N E X T F L O W version 20.10.0 build 5430 created 01-11-2020 15:14 UTC (07:14 PDT) cite doi:10.1038/nbt.3820 http://nextflow.io This is my nextflow version
And my pipeline did reach a final death, after so many errors. Usually my work directory contains only two files: . .. .command.run .command.sh The the symlink for input file has not been set up yet. The error message is typically:
Error executing process > 'one_process (v112895)'
Caused by:
Process one_process (v112895)
terminated for an unknown reason -- Likely it has been terminated by the external system
look the error status is coming from slurm. If anyone found a solution please let me know.
This issue may be difficult for the software team to reproduce on their computer. So the solution may have to be from the users.
Got it. Sorry. I will add to the same post.

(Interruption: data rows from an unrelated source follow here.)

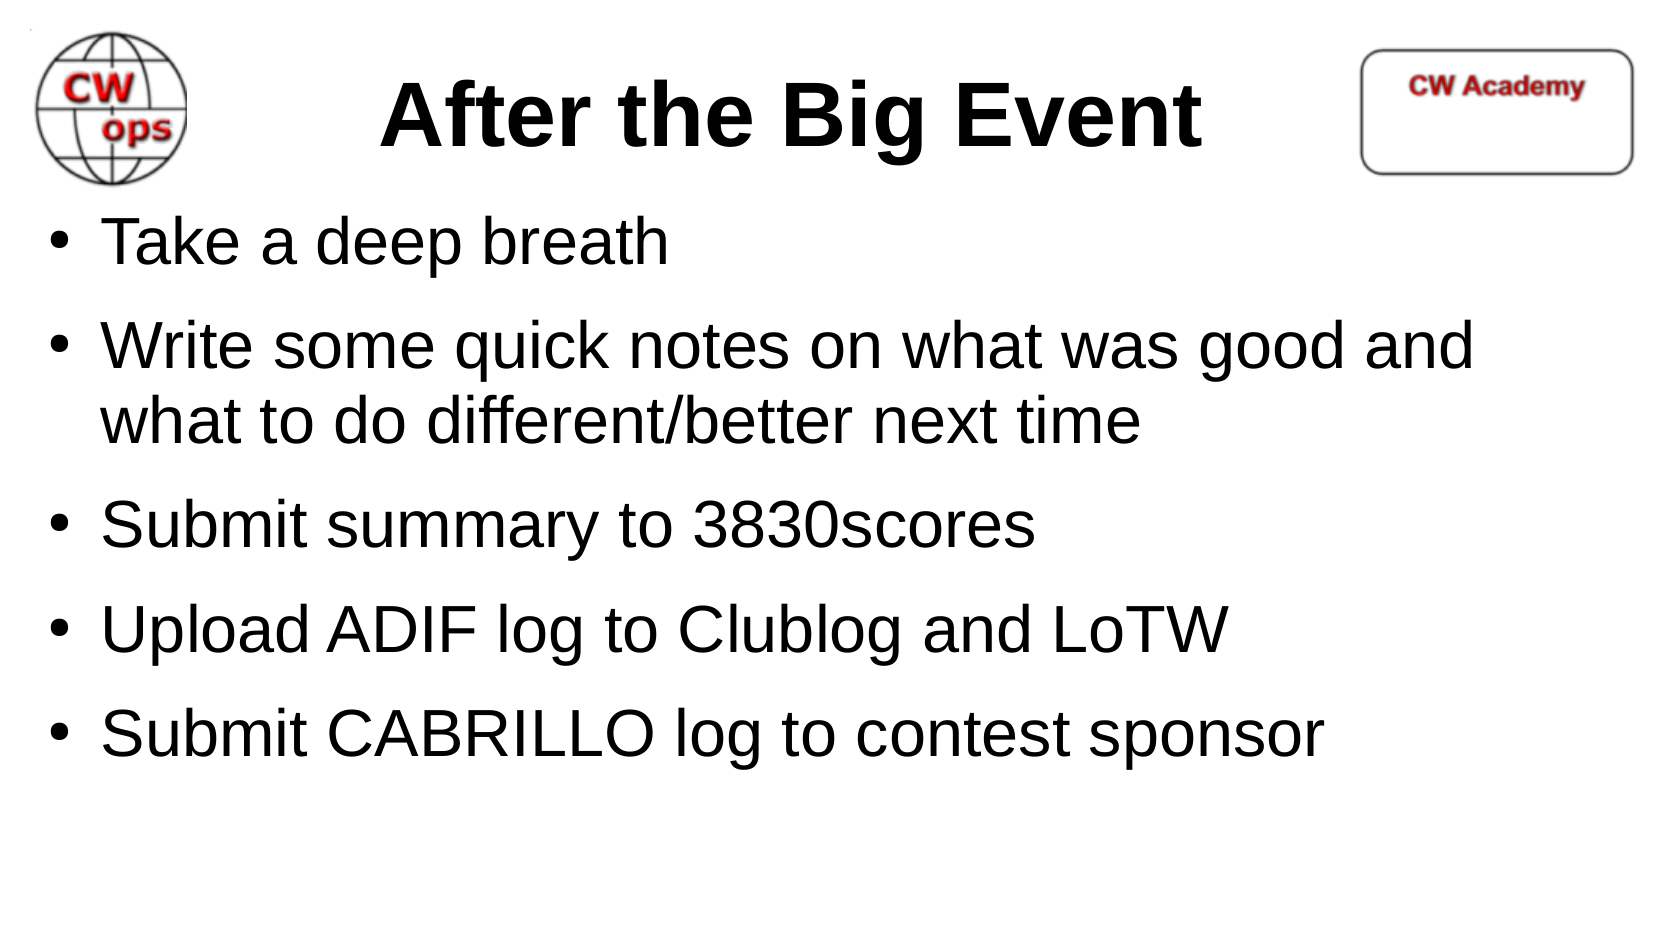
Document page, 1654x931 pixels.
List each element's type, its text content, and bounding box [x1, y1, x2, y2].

list Take a deep breath Write some quick notes on what was good and what to do different/better next time Submit summary to 3830scores Upload ADIF log to Clublog and LoTW Submit CABRILLO log to contest sponsor [30, 204, 1606, 931]
title After the Big Event [47, 37, 1536, 193]
picture [30, 29, 187, 180]
picture [1536, 37, 1640, 186]
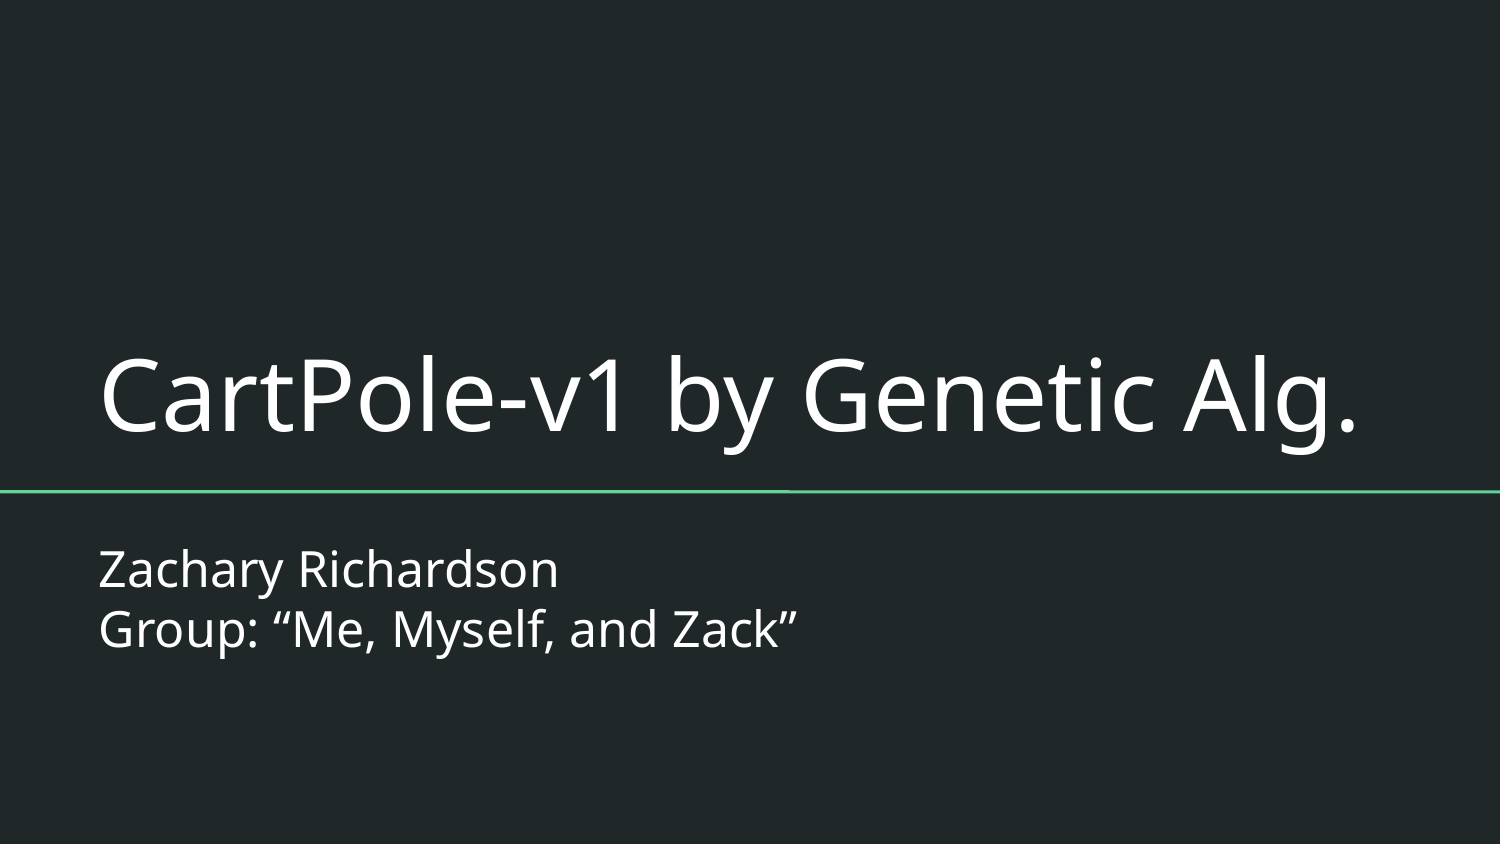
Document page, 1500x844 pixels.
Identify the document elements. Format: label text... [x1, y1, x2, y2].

title CartPole-v1 by Genetic Alg. [83, 206, 1417, 467]
subtitle Zachary Richardson Group: “Me, Myself, and Zack” [83, 522, 1417, 728]

It seems that my problem went away if I start a new directory (a different NSF subdir). This does not help to solve the problem, but at least it is one thing to try. Only thing I can think is that at the first launch, something bad happened to my NSF and caused Nextflow to get the wrong information from slurm, or more likely slurm is sending the wrong signal. I spend a whole day trying to relaunch from first launch directory, and reading almost every line of the log and screeen output and the problem repeats. Also slurm log file is helpful: jobcomp.log. Just to be sure, my problem is due to BAD NSF, so no need from the nf developer to do anything. I would say this issue is close.
Hi @kemin711 ,
If you press the three dots "..." in the top-right corner of the post, there is an option to edit your post. My general recommendation is to consolidate all information into a single post to make it easier to follow. (It will also prevent a string of e-mails to everybody who is watching this issue, every time you want to add more information.)
Best, -Artem
I agree GitHub issues is not a chat
180216
I have the same issue and I want to ask others whether a retry works.
I am considering:
withName: '.*' {
errorStrategy = 'retry'
maxErrors = '2'
}
Update: I can confirm the above does not fix it for me.
This issue has been automatically marked as stale because it has not had recent activity. It will be closed if no further activity occurs. Thank you for your contributions.
Hi,
It looks like I have a similar issue : submitting SLURM jobs to a given queue results in
invalid status line: squeue: error: Invalid user: ?
And the job is considered by Nextflow as
Process PrepareGenome:BWAIndexGenome (1) terminated for an unknown reason -- Likely it has been terminated by the external system
even though it’s still running.
On this cluster, not setting the queue is not an option. Any ideas on how to proceeed ? Full log attached. Thanks ! nextflow.log
More than the queue it looks like the problem is the lack of the user option when nextflow runs the squeue
command
I’ve tried user.name = myuser
in nextflow.config
to no avail. How does system.getProperty
works ?
Relevant code looks to be https://github.com/nextflow-io/nextflow/blob/58748225f9a2b296779f459016537bcf466dc645/src/main/groovy/nextflow/executor/SlurmExecutor.groovy#L121
More debugging info :
- the issue does not seem to occur on Nextflow 22.04.0.5697
- With groovy,
println(System.getProperty(user.name))
returns my username as expected
After more testing :
- building from source results in version 22.04.5.5708 : works
- installing it from nix results in version 22.04.5.5709 : have the issue
- running the executable manually for 22.54.5709 (nix only get the executable) : works
So I’m a bit stumped why the nix package does not work... It’s basically the same file.
This issue has been automatically marked as stale because it has not had recent activity. It will be closed if no further activity occurs. Thank you for your contributions.
This is still an issue with latest nextflow.